Since 1.6 release Kubernetes officially supports 5000-node clusters. However, the question is what that actually means. As of early Q3 2017 we are in the process of defining set of performance-related SLIs (Service Level Indicators) and SLOs (Service Level Objectives).
However, no matter what SLIs and SLOs we have, there will always be some users coming and saying that their cluster is not meeting the SLOs. And in most cases it appears that the reason behind is that we (as developers) have silently assumed something (e.g. there will be no more than 10000 services in the cluster) and users were not aware of that.
This document is trying to explicitly summarize limits for the number of objects in the system that we are aware of and state if we will try to relax them in the future or not.
We start with explicit definition of quantities and thresholds we assume are satisfied in the cluster. This is followed by an explanation for some of those. Important notes about the numbers:
- In most cases, exceeding these thresholds doesn’t mean that the cluster fails over - it just means that its overall performance degrades.
- Some thresholds below (e.g. total number of all objects, or total number of pods or namespaces) are given for the largest possible cluster.
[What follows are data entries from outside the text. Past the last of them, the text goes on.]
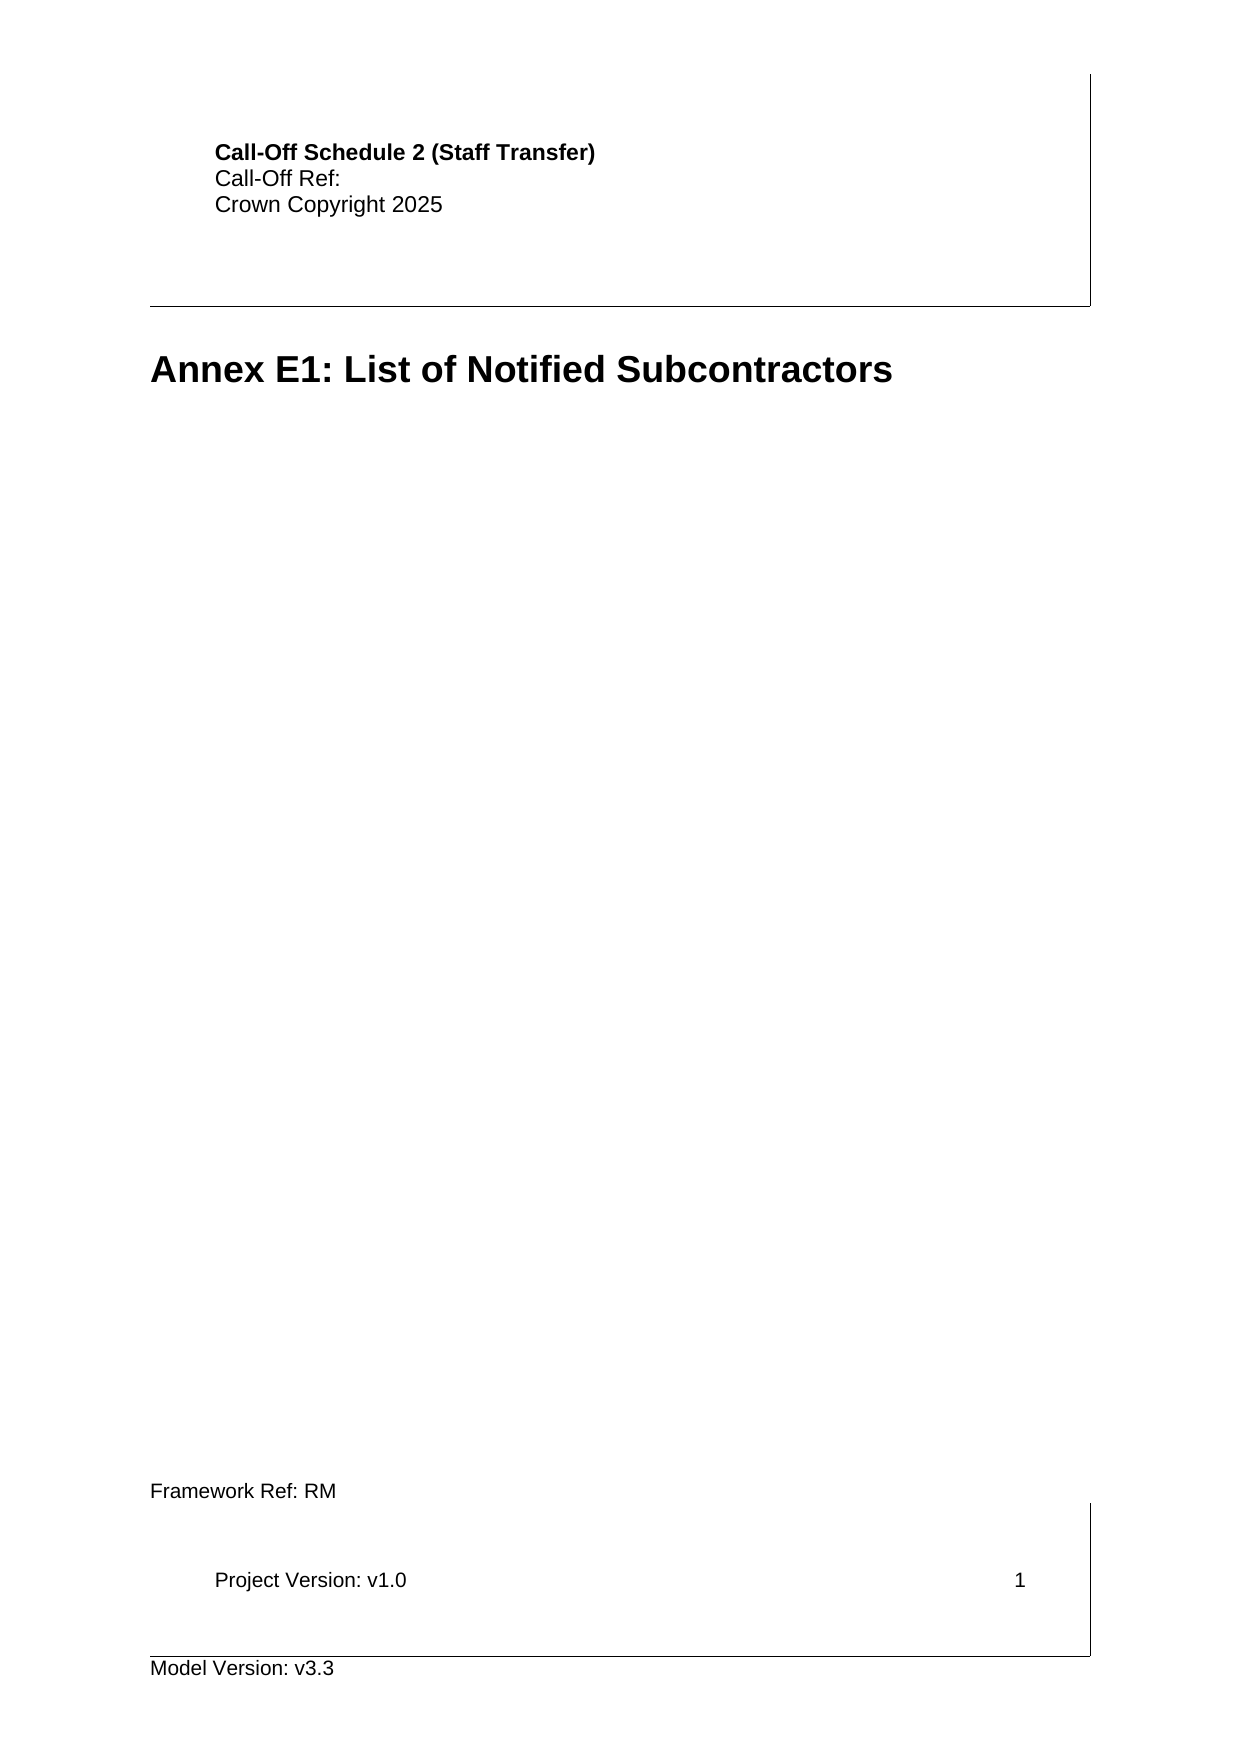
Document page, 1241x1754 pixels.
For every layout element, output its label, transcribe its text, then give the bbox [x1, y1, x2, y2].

text Annex E1: List of Notified Subcontractors [150, 347, 1090, 390]
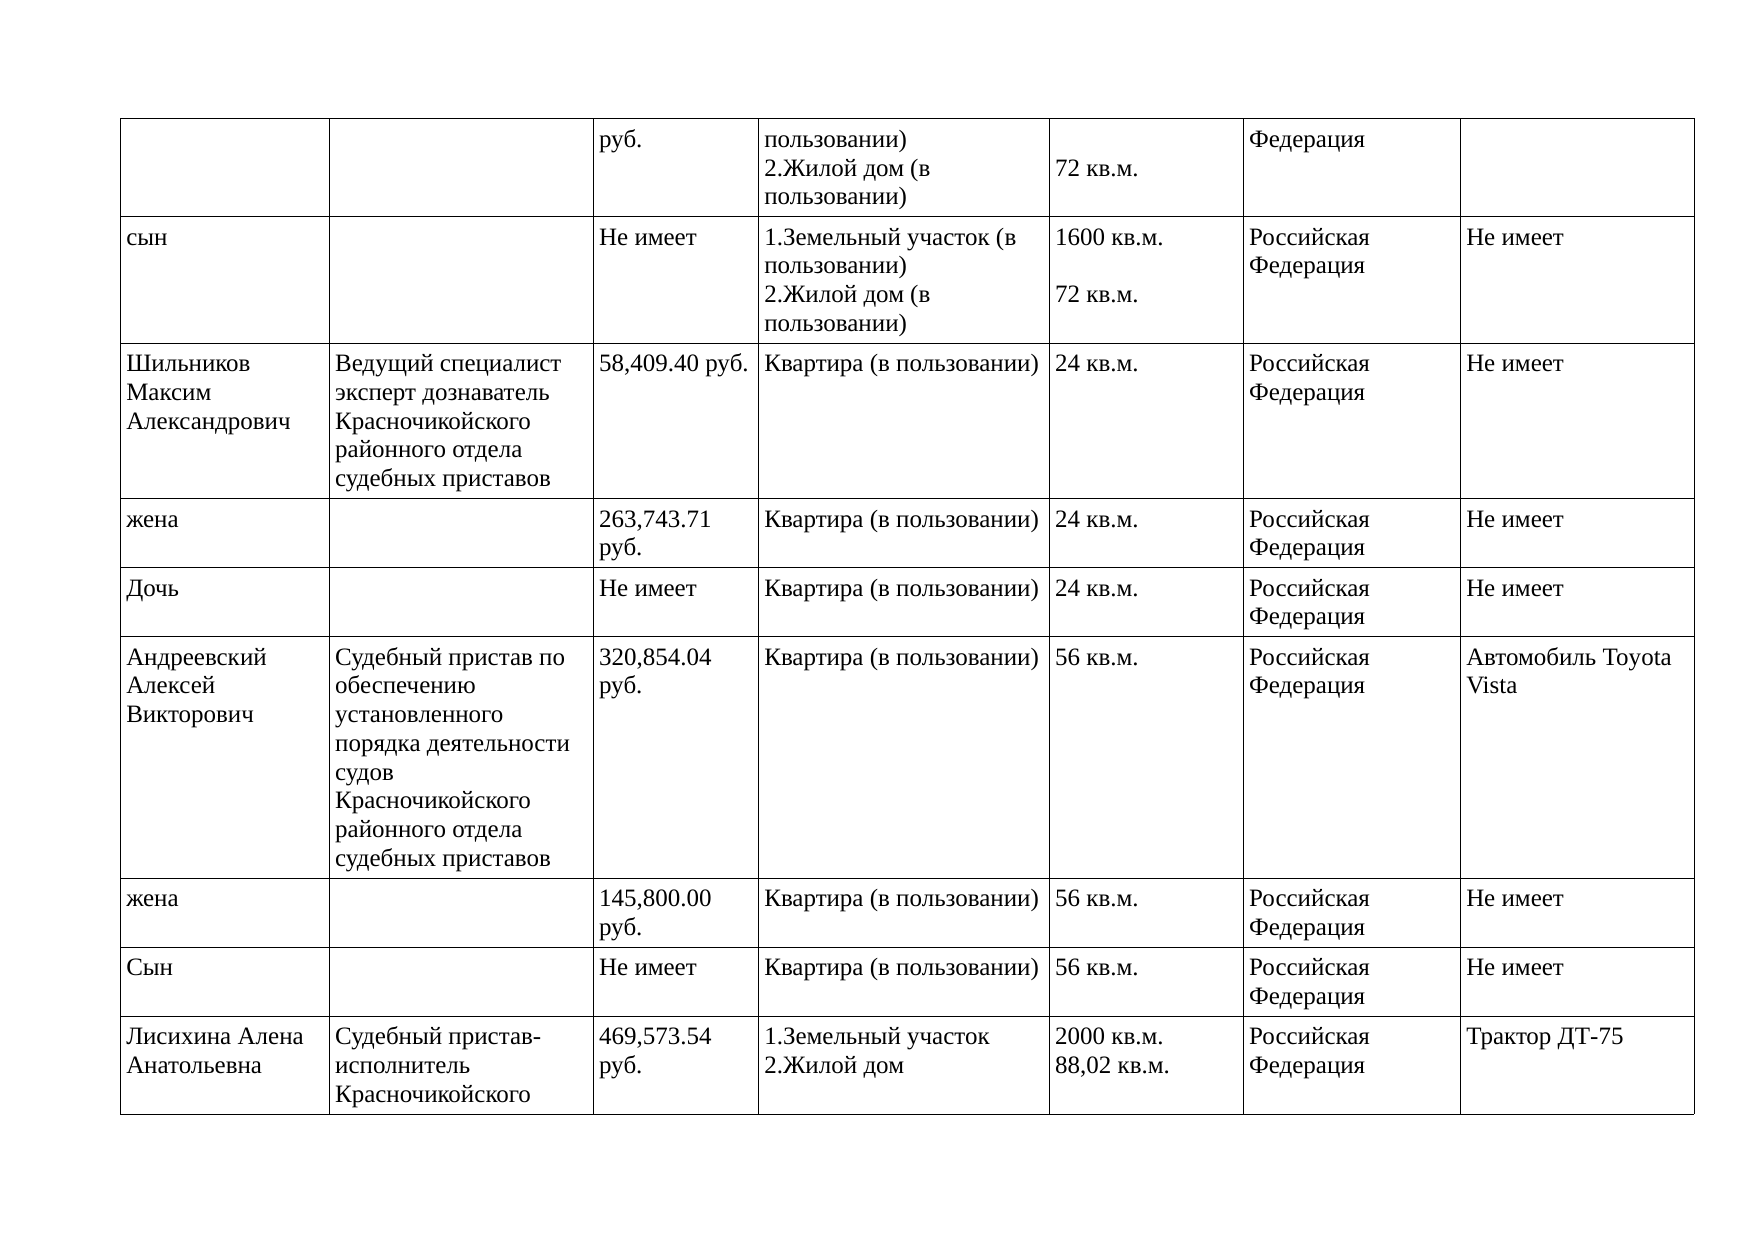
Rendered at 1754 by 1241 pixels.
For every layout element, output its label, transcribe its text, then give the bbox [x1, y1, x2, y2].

table_cell 1.Земельный участок 2.Жилой дом [759, 1017, 1049, 1113]
table_cell Квартира (в пользовании) [759, 879, 1049, 947]
table_cell Не имеет [1461, 217, 1694, 342]
table_cell Не имеет [594, 568, 758, 636]
table_cell Не имеет [1461, 568, 1694, 636]
table_cell Российская Федерация [1244, 568, 1460, 636]
table_cell 2000 кв.м. 88,02 кв.м. [1050, 1017, 1243, 1113]
table_cell 24 кв.м. [1050, 499, 1243, 567]
table_cell 56 кв.м. [1050, 879, 1243, 947]
table_cell Российская Федерация [1244, 948, 1460, 1016]
table_cell [330, 568, 593, 636]
table_cell Андреевский Алексей Викторович [121, 637, 329, 877]
table_cell Российская Федерация [1244, 344, 1460, 498]
table_cell Шильников Максим Александрович [121, 344, 329, 498]
table_cell Российская Федерация [1244, 217, 1460, 342]
table_cell [121, 119, 329, 216]
table_cell Судебный пристав-исполнитель Красночикойского [330, 1017, 593, 1113]
table_cell Дочь [121, 568, 329, 636]
table_cell Квартира (в пользовании) [759, 344, 1049, 498]
table_cell [330, 948, 593, 1016]
table_cell 1600 кв.м. 72 кв.м. [1050, 217, 1243, 342]
table_cell Не имеет [594, 217, 758, 342]
table_cell 1.Земельный участок (в пользовании) 2.Жилой дом (в пользовании) [759, 217, 1049, 342]
table_cell Квартира (в пользовании) [759, 499, 1049, 567]
table_cell Квартира (в пользовании) [759, 948, 1049, 1016]
table_cell жена [121, 879, 329, 947]
table_cell руб. [594, 119, 758, 216]
table_cell пользовании) 2.Жилой дом (в пользовании) [759, 119, 1049, 216]
table_cell 58 409,40 руб. [594, 344, 758, 498]
table_cell [330, 499, 593, 567]
table_cell 56 кв.м. [1050, 948, 1243, 1016]
table_cell Квартира (в пользовании) [759, 568, 1049, 636]
table_cell 320 854,04 руб. [594, 637, 758, 877]
table_cell 145 800,00 руб. [594, 879, 758, 947]
table_cell Не имеет [1461, 344, 1694, 498]
table_cell [1461, 119, 1694, 216]
table_cell [330, 879, 593, 947]
table_cell 263 743,71 руб. [594, 499, 758, 567]
table_cell Трактор ДТ-75 [1461, 1017, 1694, 1113]
table_cell 72 кв.м. [1050, 119, 1243, 216]
table_cell Не имеет [1461, 948, 1694, 1016]
table_cell Не имеет [594, 948, 758, 1016]
table_cell [330, 217, 593, 342]
table_cell Российская Федерация [1244, 879, 1460, 947]
table_cell Лисихина Алена Анатольевна [121, 1017, 329, 1113]
table_cell Российская Федерация [1244, 637, 1460, 877]
table_cell 24 кв.м. [1050, 568, 1243, 636]
table_cell Ведущий специалист эксперт дознаватель Красночикойского районного отдела судебных приставов [330, 344, 593, 498]
table_cell Сын [121, 948, 329, 1016]
table_cell Российская Федерация [1244, 499, 1460, 567]
table_cell Судебный пристав по обеспечению установленного порядка деятельности судов Красночикойского районного отдела судебных приставов [330, 637, 593, 877]
table_cell Российская Федерация [1244, 1017, 1460, 1113]
table_cell Федерация [1244, 119, 1460, 216]
table_cell сын [121, 217, 329, 342]
table_cell жена [121, 499, 329, 567]
table_cell 469 573,54 руб. [594, 1017, 758, 1113]
table_cell Не имеет [1461, 499, 1694, 567]
table_cell 24 кв.м. [1050, 344, 1243, 498]
table_cell 56 кв.м. [1050, 637, 1243, 877]
table_cell Не имеет [1461, 879, 1694, 947]
table_cell [330, 119, 593, 216]
table_cell Автомобиль Toyota Vista [1461, 637, 1694, 877]
table_cell Квартира (в пользовании) [759, 637, 1049, 877]

For smaller clusters, the limits are proportionally lower.
- The thresholds obviously differ between different Kubernetes releases (hopefully each of them is non-decreasing). The numbers we present are for the current release (Kubernetes 1.7 release).
- There are a lot of factors that influence the thresholds, e.g. etcd version or storage data format. For each of those we assume the default from the release to avoid providing numbers for huge number of combinations of those.
- The “Head threshold” is representing the status of Kubernetes head. This column should be snapshotted at every release to produce per-release thresholds (and dedicated column for each release should then be added).
Quantity | Head threshold | 1.8 release | Long term goal |
---|---|---|---|
Total number of all objects | 250000 | 1000000 | |
Number of nodes | 5000 | 5000 | |
Number of pods | 150000 | 500000 | |
Number of pods per node1 | 110 | 500 | |
Number of pods per core1 | 10 | 10 | |
Number of namespaces (ns) | 10000 | 100000 | |
Number of pods per ns | 15000 | 50000 | |
Number of services | 10000 | 100000 | |
Number of all services backends | TBD | 500000 | |
Number of backends per service | 5000 | 5000 | |
Number of deployments per ns | 20000 | 10000 | |
Number of pods per deployment | TBD | 10000 | |
Number of jobs per ns | TBD | 1000 | |
Number of daemon sets per ns | TBD | 100 | |
Number of stateful sets per ns | TBD | 100 | |
Number of secrets per ns | TBD | TBD | |
Number of secrets per pod | TBD | TBD | |
Number of config maps per ns | TBD | TBD | |
Number of config maps per pod | TBD | TBD | |
Number of storageclasses | TBD | TBD | |
Number of roles and rolebindings | TBD | TBD |
There are also thresholds for other types, but for those the numbers depend also on the environment (bare metal or which cloud provider) the cluster is running in. These include:
Quantity | Head threshold | 1.8 release | Long term goal |
---|---|---|---|
Number of ingresses | TBD | TBD | |
Number of PersistentVolumes | TBD | TBD | |
Number of PersistentVolumeClaims per ns | TBD | TBD | |
Number of PersistentVolumeClaims per node | TBD | TBD |
The rationale for some of those numbers:
- Total number of objects
There is a limitation on the total number of objects on the system, as this affects among others etcd and its resource consumption. - Number of nodes
We believe that having clusters with more than 5000 nodes is not the best option and users should consider splitting into multiple clusters. However, we may consider bumping the long term goal at some time in the future. - Number of services and endpoints
Each service port and each service backend has a corresponding entry in iptables. Number of backends of a given service impact the size of theEndpoints
objects, which impacts size of data that is being sent all over the system. - Number of objects of a given type per namespace
This holds for different objects (pods, secrets, deployments, ...). There are a number of control loops in the system that need to iterate over all objects in a given namespace as a reaction to some changes in state. Having large number of objects of a given type in a single namespace can make those loops expensive and slow down processing given state changes.
1 The limit for number of pods on a given node is in fact minimum from the “pod per node” and “pods per core times number of cores of a node”.